**WORK ITEM:** An exact copy is needed of the lines in the entries below from the line with "You are a 3D detector." up to and including the line with "Which 3D bounding", and of nothing else. Leave the pictures out.

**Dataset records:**

+++++

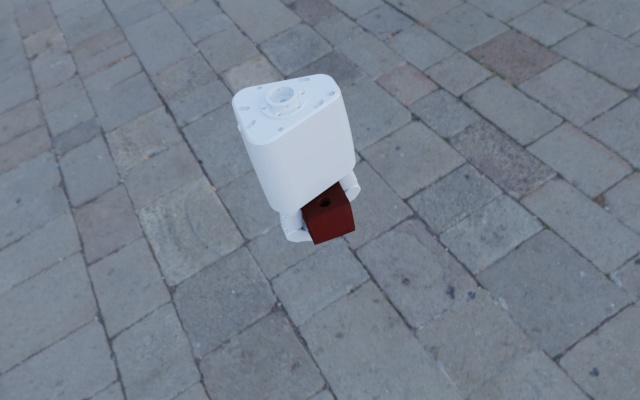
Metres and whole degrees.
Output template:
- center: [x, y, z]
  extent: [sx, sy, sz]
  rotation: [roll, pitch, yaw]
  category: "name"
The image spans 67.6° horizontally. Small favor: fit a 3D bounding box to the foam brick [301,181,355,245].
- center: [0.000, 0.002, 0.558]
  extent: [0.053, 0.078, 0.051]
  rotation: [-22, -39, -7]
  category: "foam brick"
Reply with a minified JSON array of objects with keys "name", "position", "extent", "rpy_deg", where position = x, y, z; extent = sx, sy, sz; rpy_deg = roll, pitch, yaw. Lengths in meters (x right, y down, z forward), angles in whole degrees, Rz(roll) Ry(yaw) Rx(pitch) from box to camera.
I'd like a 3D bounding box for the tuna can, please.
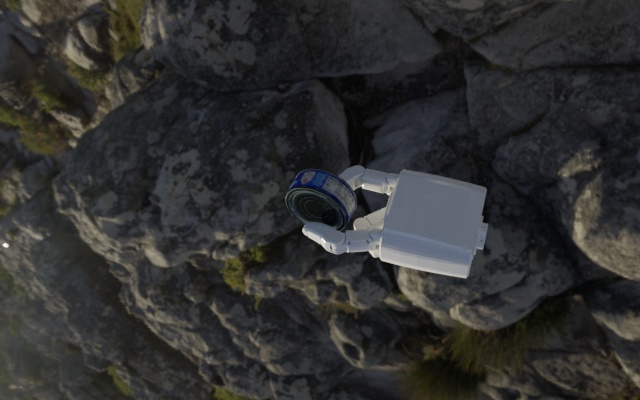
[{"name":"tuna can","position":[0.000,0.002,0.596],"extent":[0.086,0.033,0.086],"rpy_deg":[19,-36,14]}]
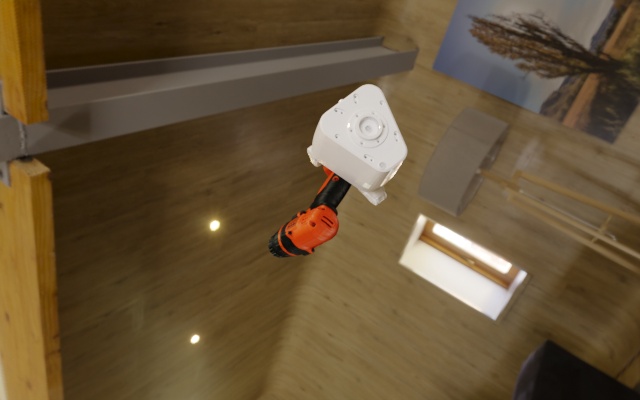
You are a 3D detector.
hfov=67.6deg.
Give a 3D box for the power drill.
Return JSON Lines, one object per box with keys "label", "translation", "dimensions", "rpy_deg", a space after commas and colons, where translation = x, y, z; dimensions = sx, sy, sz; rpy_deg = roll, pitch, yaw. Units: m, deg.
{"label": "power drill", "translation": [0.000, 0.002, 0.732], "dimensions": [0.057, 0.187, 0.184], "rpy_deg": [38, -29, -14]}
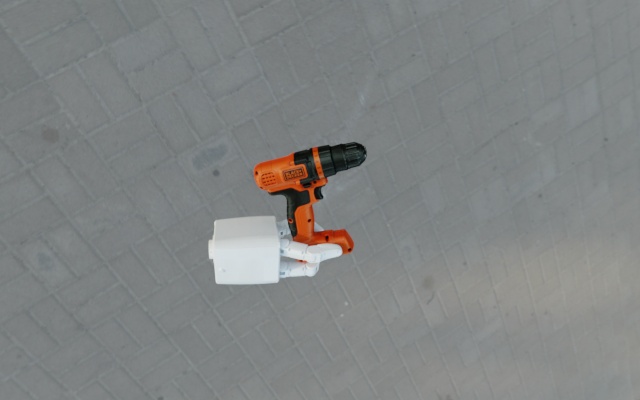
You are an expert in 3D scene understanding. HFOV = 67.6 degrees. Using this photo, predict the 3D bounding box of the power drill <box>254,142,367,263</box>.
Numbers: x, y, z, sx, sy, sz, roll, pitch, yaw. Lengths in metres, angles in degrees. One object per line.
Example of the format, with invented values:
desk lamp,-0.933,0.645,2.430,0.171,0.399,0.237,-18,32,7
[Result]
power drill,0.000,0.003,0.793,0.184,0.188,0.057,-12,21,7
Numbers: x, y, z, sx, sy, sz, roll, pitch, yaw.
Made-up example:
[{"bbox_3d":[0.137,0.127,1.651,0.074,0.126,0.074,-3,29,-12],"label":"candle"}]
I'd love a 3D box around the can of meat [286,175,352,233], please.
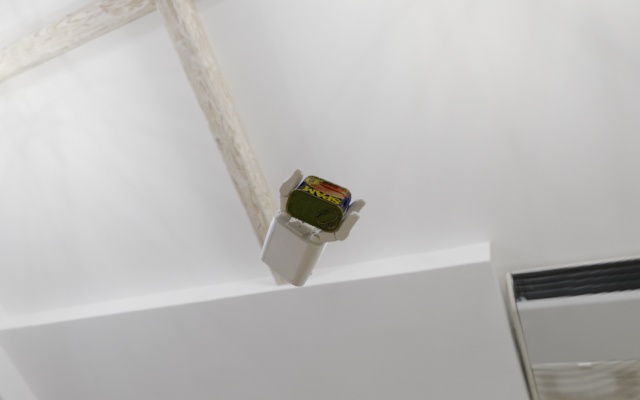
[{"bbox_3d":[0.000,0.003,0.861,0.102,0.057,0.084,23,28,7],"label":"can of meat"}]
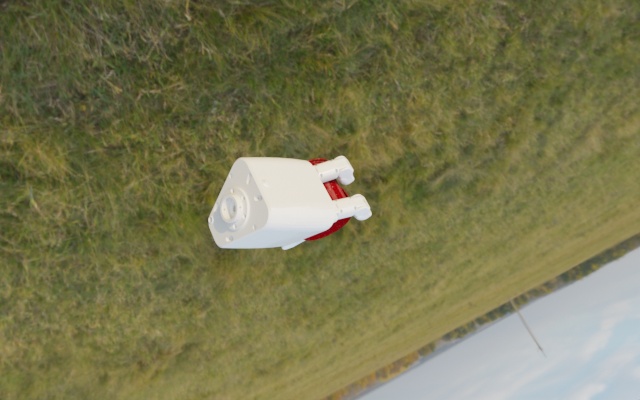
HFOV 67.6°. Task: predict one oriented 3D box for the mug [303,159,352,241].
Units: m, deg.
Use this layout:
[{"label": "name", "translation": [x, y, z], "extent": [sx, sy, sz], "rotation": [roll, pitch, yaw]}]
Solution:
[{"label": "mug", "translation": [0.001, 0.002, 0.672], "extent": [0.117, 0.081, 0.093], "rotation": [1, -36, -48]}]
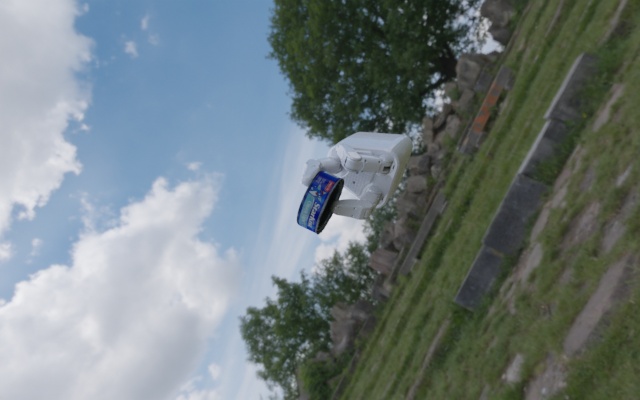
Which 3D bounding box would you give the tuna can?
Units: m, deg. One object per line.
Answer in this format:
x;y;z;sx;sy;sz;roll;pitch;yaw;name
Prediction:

+++++

**ANSWER SPACE:**
You are a 3D detector.
hfov=67.6deg.
Give a 3D box for the power drill.
Return JSON Lines, one object per box with keys "label", "translation", "dimensions", "rpy_deg", a space after commas and colons, where translation = x, y, z; dimensions = sx, sy, sz; rpy_deg = roll, pitch, yaw. Units: m, deg.
{"label": "power drill", "translation": [0.000, 0.002, 0.732], "dimensions": [0.057, 0.187, 0.184], "rpy_deg": [38, -29, -14]}
You are an expert in 3D scene understanding. HFOV = 67.6 degrees. Using this photo, predict the 3D bounding box of the power drill <box>254,142,367,263</box>.
Numbers: x, y, z, sx, sy, sz, roll, pitch, yaw. Lengths in metres, angles in degrees. One object per line.
Example of the format, with invented values:
desk lamp,-0.933,0.645,2.430,0.171,0.399,0.237,-18,32,7
[Result]
power drill,0.000,0.003,0.793,0.184,0.188,0.057,-12,21,7
Numbers: x, y, z, sx, sy, sz, roll, pitch, yaw.
Made-up example:
[{"bbox_3d":[0.137,0.127,1.651,0.074,0.126,0.074,-3,29,-12],"label":"candle"}]
I'd love a 3D box around the can of meat [286,175,352,233], please.
[{"bbox_3d":[0.000,0.003,0.861,0.102,0.057,0.084,23,28,7],"label":"can of meat"}]
HFOV 67.6°. Task: predict one oriented 3D box for the mug [303,159,352,241].
Units: m, deg.
Use this layout:
[{"label": "name", "translation": [x, y, z], "extent": [sx, sy, sz], "rotation": [roll, pitch, yaw]}]
Solution:
[{"label": "mug", "translation": [0.001, 0.002, 0.672], "extent": [0.117, 0.081, 0.093], "rotation": [1, -36, -48]}]
Which 3D bounding box would you give the tuna can?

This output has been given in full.